**Exercise objective**
Go through the listing and pick out each line with the word "Items" in it.

**Data for analysis**
§ §

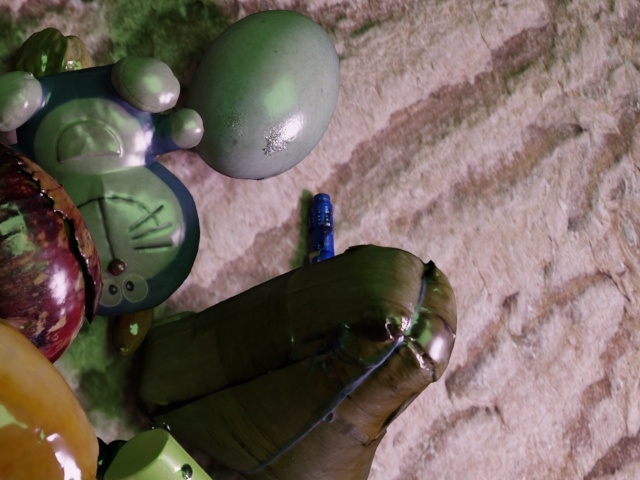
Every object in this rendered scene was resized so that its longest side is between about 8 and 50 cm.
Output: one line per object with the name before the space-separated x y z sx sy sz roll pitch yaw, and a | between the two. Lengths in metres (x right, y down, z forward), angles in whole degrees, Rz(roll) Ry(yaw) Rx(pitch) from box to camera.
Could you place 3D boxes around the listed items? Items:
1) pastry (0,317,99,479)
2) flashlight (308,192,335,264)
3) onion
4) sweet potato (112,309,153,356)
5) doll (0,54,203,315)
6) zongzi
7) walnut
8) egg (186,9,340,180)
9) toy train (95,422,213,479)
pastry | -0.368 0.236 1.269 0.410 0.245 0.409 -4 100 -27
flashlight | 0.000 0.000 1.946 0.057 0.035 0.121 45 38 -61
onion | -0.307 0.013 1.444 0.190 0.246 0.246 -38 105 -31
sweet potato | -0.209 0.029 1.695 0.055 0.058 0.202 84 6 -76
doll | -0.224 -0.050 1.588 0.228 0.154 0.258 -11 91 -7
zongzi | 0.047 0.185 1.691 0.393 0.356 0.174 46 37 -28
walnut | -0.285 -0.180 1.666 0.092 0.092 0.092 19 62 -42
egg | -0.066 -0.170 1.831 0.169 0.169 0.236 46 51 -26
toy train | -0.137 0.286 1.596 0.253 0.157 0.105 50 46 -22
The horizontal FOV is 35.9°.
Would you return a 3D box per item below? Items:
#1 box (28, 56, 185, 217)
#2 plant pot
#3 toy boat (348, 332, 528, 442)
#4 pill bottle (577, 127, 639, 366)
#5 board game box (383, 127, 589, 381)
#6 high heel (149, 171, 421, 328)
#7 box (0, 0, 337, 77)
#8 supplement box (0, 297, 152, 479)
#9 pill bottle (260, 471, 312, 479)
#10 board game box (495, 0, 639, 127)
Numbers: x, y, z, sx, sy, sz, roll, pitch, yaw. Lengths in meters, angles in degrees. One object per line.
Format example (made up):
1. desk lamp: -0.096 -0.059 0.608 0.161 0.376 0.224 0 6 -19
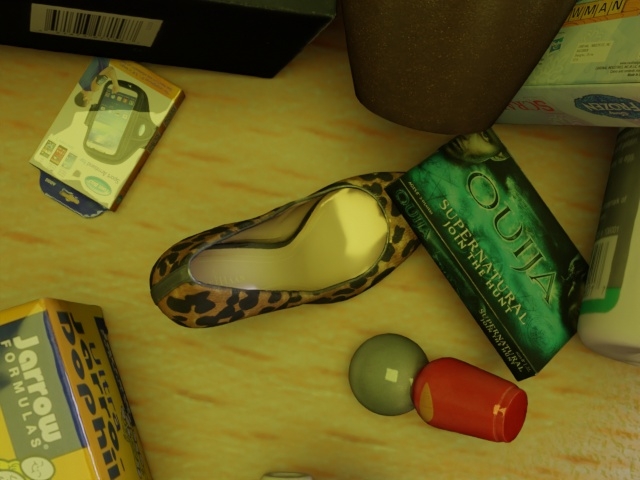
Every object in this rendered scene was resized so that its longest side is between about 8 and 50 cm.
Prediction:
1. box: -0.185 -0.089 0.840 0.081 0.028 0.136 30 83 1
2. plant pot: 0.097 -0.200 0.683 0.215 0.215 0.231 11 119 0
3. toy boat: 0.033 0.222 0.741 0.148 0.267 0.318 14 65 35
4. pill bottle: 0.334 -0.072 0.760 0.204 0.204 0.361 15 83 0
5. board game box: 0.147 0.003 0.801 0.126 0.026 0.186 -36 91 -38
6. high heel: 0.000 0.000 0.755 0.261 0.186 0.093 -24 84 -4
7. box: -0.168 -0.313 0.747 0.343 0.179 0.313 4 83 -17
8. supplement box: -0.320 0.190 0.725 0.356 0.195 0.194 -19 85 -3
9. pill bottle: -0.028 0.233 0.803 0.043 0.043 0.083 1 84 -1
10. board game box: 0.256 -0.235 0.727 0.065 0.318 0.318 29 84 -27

§ §

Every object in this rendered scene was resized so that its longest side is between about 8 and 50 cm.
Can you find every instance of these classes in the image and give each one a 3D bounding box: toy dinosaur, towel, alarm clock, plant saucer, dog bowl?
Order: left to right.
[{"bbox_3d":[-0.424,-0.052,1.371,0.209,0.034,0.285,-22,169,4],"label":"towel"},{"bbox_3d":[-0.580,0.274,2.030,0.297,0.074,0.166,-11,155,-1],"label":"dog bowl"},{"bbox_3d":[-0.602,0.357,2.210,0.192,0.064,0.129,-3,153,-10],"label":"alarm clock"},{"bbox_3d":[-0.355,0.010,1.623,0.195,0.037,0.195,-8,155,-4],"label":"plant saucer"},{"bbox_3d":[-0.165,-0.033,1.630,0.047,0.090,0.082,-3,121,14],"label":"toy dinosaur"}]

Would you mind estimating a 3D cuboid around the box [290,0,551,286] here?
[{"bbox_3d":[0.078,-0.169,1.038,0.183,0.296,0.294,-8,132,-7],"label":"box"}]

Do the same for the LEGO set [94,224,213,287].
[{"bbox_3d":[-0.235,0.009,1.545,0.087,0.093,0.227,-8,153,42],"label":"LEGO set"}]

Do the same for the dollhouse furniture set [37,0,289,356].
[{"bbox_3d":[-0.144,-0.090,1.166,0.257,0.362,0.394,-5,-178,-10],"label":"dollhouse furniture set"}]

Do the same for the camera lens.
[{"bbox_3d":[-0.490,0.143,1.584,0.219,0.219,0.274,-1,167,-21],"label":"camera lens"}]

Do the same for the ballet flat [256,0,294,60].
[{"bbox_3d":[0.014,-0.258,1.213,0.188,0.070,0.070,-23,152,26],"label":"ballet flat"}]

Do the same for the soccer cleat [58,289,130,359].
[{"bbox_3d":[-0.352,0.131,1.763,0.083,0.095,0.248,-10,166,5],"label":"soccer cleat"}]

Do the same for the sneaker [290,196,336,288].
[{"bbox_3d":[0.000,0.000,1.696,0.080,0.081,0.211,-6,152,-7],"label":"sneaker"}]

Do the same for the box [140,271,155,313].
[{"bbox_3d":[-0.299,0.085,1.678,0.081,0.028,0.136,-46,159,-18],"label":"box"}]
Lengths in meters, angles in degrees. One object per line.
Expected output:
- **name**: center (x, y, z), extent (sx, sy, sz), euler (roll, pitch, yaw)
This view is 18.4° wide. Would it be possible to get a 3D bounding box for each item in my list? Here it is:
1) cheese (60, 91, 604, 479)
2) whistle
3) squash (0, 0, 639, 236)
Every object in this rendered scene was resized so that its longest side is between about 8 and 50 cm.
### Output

§ §

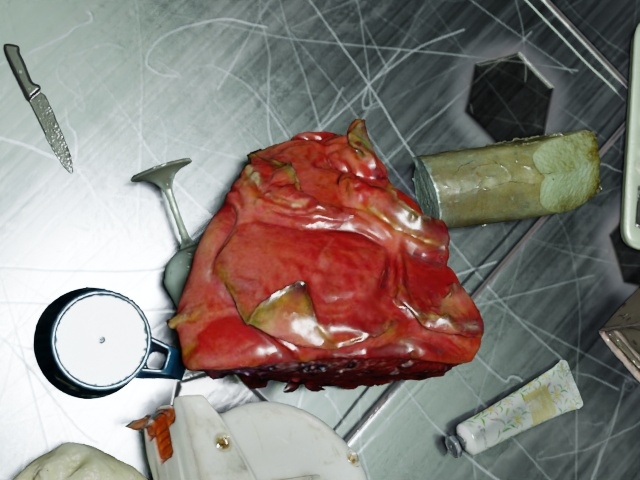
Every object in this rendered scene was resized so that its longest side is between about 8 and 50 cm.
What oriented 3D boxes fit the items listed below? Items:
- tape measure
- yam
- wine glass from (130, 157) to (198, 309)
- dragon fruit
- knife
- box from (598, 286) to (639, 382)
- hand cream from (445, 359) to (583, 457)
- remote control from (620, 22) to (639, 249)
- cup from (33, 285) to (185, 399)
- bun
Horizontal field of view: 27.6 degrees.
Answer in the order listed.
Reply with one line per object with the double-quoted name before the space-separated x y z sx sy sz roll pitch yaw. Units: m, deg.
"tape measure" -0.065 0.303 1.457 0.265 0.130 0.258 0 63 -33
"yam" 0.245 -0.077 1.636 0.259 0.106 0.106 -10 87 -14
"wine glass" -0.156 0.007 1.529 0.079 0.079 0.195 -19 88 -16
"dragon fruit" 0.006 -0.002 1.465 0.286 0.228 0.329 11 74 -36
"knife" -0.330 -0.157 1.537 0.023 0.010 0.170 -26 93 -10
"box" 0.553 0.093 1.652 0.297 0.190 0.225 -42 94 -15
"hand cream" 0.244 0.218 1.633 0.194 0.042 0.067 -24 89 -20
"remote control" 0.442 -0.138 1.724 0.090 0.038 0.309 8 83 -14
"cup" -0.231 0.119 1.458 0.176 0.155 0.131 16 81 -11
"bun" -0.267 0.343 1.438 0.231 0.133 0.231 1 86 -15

§ §

**Result for this task**
Could you place 3D boxes around the listed items? Items:
Would you return a 3D box per item below? Items:
What oriented 3D boxes fit the items listed below? Items:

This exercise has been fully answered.